START INPUT DATA
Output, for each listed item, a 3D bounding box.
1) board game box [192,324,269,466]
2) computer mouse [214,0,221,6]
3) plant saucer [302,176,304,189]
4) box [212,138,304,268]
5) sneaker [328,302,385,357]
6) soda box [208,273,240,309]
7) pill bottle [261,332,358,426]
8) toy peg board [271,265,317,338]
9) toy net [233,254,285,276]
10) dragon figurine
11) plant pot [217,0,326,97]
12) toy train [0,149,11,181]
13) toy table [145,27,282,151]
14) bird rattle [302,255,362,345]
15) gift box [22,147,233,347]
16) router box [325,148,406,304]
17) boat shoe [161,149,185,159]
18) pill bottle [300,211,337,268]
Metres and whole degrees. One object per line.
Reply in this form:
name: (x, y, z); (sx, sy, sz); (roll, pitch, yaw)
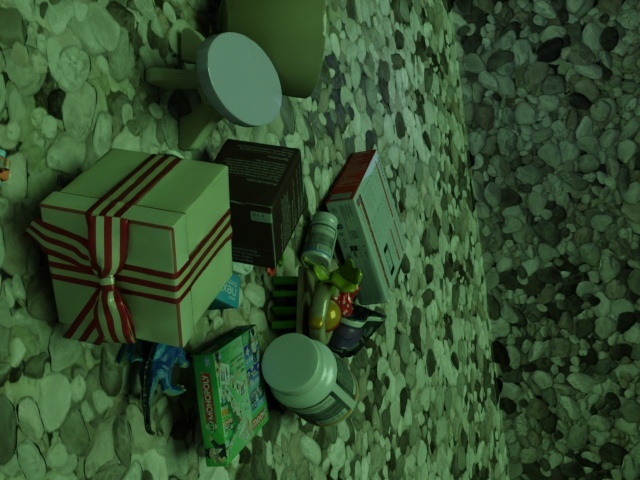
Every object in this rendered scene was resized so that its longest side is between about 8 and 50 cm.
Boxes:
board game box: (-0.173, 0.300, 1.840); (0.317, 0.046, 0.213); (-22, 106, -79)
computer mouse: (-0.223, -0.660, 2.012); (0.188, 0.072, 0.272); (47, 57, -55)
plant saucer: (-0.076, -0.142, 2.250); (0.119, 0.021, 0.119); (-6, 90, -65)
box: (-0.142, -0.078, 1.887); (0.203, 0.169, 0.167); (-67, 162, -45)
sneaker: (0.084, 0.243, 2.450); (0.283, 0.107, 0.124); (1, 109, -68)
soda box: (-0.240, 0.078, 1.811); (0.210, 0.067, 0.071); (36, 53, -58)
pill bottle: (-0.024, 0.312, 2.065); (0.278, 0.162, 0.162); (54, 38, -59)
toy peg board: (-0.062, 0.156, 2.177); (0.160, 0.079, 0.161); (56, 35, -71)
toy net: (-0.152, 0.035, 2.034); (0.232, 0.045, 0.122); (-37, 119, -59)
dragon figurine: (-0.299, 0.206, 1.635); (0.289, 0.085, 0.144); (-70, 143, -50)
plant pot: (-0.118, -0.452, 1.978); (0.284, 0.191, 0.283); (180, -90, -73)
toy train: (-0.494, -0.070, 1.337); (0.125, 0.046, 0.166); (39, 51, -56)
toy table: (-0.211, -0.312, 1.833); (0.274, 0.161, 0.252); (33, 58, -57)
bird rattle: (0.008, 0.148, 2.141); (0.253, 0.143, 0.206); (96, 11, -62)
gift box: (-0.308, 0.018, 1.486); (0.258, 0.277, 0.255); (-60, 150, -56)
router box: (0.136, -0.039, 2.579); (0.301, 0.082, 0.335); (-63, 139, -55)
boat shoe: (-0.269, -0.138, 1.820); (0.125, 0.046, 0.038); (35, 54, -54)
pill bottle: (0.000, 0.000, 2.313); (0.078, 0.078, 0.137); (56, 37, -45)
END INPUT DATA
- THE TASK -
Give the data above again, exactly, with every picture removed.

- ANSWER BOX -
Output, for each listed item, a 3D bounding box.
1) board game box [192,324,269,466]
2) computer mouse [214,0,221,6]
3) plant saucer [302,176,304,189]
4) box [212,138,304,268]
5) sneaker [328,302,385,357]
6) soda box [208,273,240,309]
7) pill bottle [261,332,358,426]
8) toy peg board [271,265,317,338]
9) toy net [233,254,285,276]
10) dragon figurine
11) plant pot [217,0,326,97]
12) toy train [0,149,11,181]
13) toy table [145,27,282,151]
14) bird rattle [302,255,362,345]
15) gift box [22,147,233,347]
16) router box [325,148,406,304]
17) boat shoe [161,149,185,159]
18) pill bottle [300,211,337,268]
Metres and whole degrees. One object per line.
Reply in this form:
name: (x, y, z); (sx, sy, sz); (roll, pitch, yaw)
Every object in this rendered scene was resized so that its longest side is between about 8 and 50 cm.
Boxes:
board game box: (-0.173, 0.300, 1.840); (0.317, 0.046, 0.213); (-22, 106, -79)
computer mouse: (-0.223, -0.660, 2.012); (0.188, 0.072, 0.272); (47, 57, -55)
plant saucer: (-0.076, -0.142, 2.250); (0.119, 0.021, 0.119); (-6, 90, -65)
box: (-0.142, -0.078, 1.887); (0.203, 0.169, 0.167); (-67, 162, -45)
sneaker: (0.084, 0.243, 2.450); (0.283, 0.107, 0.124); (1, 109, -68)
soda box: (-0.240, 0.078, 1.811); (0.210, 0.067, 0.071); (36, 53, -58)
pill bottle: (-0.024, 0.312, 2.065); (0.278, 0.162, 0.162); (54, 38, -59)
toy peg board: (-0.062, 0.156, 2.177); (0.160, 0.079, 0.161); (56, 35, -71)
toy net: (-0.152, 0.035, 2.034); (0.232, 0.045, 0.122); (-37, 119, -59)
dragon figurine: (-0.299, 0.206, 1.635); (0.289, 0.085, 0.144); (-70, 143, -50)
plant pot: (-0.118, -0.452, 1.978); (0.284, 0.191, 0.283); (180, -90, -73)
toy train: (-0.494, -0.070, 1.337); (0.125, 0.046, 0.166); (39, 51, -56)
toy table: (-0.211, -0.312, 1.833); (0.274, 0.161, 0.252); (33, 58, -57)
bird rattle: (0.008, 0.148, 2.141); (0.253, 0.143, 0.206); (96, 11, -62)
gift box: (-0.308, 0.018, 1.486); (0.258, 0.277, 0.255); (-60, 150, -56)
router box: (0.136, -0.039, 2.579); (0.301, 0.082, 0.335); (-63, 139, -55)
boat shoe: (-0.269, -0.138, 1.820); (0.125, 0.046, 0.038); (35, 54, -54)
pill bottle: (0.000, 0.000, 2.313); (0.078, 0.078, 0.137); (56, 37, -45)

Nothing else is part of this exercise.